• Dataset extract:
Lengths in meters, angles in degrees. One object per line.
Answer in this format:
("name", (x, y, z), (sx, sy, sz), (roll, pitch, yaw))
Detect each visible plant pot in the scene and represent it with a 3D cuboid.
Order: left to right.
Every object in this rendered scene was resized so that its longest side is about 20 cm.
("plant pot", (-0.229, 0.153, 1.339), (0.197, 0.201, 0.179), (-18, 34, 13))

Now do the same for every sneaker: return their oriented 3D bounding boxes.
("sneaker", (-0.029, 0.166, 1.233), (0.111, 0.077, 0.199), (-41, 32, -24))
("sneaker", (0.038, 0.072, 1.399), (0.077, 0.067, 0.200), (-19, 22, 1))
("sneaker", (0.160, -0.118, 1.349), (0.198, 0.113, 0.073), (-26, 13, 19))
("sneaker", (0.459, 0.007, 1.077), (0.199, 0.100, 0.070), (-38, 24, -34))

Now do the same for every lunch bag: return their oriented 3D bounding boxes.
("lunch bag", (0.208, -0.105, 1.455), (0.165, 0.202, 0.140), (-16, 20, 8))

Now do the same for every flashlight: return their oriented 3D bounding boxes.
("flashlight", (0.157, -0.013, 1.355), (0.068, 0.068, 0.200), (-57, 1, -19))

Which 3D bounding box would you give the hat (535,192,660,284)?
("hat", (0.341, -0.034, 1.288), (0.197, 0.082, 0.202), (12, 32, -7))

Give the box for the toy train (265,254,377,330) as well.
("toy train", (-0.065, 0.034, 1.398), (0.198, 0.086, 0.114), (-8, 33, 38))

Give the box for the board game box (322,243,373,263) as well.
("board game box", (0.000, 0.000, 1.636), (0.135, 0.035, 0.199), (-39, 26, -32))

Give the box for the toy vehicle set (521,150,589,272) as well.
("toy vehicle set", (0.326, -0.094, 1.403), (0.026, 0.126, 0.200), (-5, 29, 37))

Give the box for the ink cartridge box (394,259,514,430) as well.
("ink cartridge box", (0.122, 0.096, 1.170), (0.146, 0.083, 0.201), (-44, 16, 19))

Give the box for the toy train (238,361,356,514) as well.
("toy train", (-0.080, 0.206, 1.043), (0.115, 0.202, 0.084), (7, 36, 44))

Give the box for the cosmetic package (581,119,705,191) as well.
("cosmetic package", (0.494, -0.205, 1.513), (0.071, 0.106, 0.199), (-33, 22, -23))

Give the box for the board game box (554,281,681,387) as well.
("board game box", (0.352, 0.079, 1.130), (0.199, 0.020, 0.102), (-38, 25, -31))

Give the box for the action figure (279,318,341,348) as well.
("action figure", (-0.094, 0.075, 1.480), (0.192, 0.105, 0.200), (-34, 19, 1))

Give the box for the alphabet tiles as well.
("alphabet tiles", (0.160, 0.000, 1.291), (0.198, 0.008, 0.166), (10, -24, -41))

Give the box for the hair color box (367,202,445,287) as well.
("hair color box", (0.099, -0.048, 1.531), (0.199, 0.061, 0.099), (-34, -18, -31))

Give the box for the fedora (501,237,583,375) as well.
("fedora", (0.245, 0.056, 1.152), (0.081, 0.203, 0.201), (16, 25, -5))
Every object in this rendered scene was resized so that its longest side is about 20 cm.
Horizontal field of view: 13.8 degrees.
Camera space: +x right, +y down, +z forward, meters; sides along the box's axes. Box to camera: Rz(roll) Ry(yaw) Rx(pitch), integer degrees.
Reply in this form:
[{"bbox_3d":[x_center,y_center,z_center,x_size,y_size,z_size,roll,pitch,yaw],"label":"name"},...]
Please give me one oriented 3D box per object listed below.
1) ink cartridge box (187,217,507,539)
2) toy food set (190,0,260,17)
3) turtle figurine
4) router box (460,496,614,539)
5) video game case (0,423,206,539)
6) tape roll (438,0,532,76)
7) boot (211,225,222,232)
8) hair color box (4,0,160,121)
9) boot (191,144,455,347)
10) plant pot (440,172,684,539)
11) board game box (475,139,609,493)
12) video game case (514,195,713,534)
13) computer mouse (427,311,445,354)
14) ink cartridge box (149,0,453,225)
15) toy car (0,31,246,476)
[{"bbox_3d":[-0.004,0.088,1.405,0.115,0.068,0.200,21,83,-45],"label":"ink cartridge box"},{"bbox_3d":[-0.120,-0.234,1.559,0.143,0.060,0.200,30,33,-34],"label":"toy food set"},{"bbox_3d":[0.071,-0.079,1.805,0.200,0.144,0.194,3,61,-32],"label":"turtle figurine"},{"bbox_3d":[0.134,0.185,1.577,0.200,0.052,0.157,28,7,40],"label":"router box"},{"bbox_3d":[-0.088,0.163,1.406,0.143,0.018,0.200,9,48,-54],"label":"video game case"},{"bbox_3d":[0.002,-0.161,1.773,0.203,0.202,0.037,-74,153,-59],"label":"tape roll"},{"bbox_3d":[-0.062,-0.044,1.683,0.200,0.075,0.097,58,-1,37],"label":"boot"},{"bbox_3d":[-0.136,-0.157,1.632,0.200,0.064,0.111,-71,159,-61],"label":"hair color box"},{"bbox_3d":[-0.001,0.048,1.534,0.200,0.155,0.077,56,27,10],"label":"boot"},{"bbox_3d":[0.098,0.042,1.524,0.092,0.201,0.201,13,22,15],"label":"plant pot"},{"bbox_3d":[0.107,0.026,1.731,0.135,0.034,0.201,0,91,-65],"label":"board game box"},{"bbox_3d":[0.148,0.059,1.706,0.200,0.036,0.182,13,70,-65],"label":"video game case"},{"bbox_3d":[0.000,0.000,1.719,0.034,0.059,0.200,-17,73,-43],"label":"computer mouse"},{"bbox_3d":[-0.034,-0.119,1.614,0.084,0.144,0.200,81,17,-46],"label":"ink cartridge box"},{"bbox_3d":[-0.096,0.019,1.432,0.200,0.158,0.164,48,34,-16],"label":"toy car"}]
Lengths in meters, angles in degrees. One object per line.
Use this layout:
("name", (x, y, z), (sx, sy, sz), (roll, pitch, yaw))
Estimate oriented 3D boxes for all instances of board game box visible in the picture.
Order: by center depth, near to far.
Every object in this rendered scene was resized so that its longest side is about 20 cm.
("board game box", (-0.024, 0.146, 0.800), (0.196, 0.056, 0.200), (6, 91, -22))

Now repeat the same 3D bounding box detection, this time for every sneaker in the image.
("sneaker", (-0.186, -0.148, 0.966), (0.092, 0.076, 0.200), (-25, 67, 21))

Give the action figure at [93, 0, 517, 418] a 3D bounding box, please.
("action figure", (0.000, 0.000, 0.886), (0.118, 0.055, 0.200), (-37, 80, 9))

• Assignment:
From the data above, reproduce word for word the lines running from the line with "Horizontal field of view: 13.8 degrees." to the line with "12) video game case (514,195,713,534)", ends included.

• Solution to the exercise:
Horizontal field of view: 13.8 degrees.
Camera space: +x right, +y down, +z forward, meters; sides along the box's axes. Box to camera: Rz(roll) Ry(yaw) Rx(pitch), integer degrees.
Reply in this form:
[{"bbox_3d":[x_center,y_center,z_center,x_size,y_size,z_size,roll,pitch,yaw],"label":"name"},...]
Please give me one oriented 3D box per object listed below.
1) ink cartridge box (187,217,507,539)
2) toy food set (190,0,260,17)
3) turtle figurine
4) router box (460,496,614,539)
5) video game case (0,423,206,539)
6) tape roll (438,0,532,76)
7) boot (211,225,222,232)
8) hair color box (4,0,160,121)
9) boot (191,144,455,347)
10) plant pot (440,172,684,539)
11) board game box (475,139,609,493)
12) video game case (514,195,713,534)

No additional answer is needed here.